Information shown –
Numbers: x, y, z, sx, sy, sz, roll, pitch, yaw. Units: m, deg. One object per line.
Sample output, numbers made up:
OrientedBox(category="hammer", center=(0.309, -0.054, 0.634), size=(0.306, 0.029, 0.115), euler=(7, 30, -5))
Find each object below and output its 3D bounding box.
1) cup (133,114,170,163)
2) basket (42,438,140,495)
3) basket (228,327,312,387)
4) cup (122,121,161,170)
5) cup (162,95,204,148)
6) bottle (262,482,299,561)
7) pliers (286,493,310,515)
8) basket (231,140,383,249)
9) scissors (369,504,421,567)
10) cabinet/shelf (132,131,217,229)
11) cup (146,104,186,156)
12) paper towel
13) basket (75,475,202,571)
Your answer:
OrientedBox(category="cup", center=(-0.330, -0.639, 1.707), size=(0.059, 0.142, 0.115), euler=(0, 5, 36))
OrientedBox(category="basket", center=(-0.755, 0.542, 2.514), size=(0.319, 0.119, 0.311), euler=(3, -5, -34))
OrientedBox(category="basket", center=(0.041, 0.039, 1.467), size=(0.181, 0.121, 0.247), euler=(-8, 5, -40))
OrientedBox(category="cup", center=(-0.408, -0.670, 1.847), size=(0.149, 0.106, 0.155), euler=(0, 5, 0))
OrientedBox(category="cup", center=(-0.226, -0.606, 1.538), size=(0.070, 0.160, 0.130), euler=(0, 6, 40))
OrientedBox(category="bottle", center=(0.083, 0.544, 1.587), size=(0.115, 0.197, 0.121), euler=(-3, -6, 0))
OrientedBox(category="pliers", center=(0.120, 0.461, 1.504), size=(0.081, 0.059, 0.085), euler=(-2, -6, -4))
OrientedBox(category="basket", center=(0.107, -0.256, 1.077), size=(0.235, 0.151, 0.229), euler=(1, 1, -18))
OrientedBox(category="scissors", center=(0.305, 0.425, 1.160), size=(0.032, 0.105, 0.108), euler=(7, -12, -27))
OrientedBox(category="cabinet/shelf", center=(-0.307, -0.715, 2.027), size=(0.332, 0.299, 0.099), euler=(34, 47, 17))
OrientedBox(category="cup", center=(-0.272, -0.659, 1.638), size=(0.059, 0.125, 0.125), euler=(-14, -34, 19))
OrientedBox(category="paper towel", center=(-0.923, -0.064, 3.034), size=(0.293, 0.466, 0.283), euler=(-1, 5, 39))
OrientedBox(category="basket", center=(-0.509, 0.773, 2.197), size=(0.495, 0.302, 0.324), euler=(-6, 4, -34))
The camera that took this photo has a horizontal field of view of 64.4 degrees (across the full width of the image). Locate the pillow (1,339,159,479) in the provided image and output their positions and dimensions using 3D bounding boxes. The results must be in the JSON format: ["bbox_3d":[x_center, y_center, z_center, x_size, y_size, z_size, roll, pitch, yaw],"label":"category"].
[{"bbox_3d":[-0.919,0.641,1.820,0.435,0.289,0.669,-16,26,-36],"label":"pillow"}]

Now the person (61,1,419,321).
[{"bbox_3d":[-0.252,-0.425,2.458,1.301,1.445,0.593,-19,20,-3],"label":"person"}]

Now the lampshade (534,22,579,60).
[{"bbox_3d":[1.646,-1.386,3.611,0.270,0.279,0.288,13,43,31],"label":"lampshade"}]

What to do – Above are the records. Print exactly, and only, the lines from the line with "euler=(7, 30, -5))" to the line with "13) basket (75,475,202,571)", both inclusive.

The completed task –
OrientedBox(category="hammer", center=(0.309, -0.054, 0.634), size=(0.306, 0.029, 0.115), euler=(7, 30, -5))
Find each object below and output its 3D bounding box.
1) cup (133,114,170,163)
2) basket (42,438,140,495)
3) basket (228,327,312,387)
4) cup (122,121,161,170)
5) cup (162,95,204,148)
6) bottle (262,482,299,561)
7) pliers (286,493,310,515)
8) basket (231,140,383,249)
9) scissors (369,504,421,567)
10) cabinet/shelf (132,131,217,229)
11) cup (146,104,186,156)
12) paper towel
13) basket (75,475,202,571)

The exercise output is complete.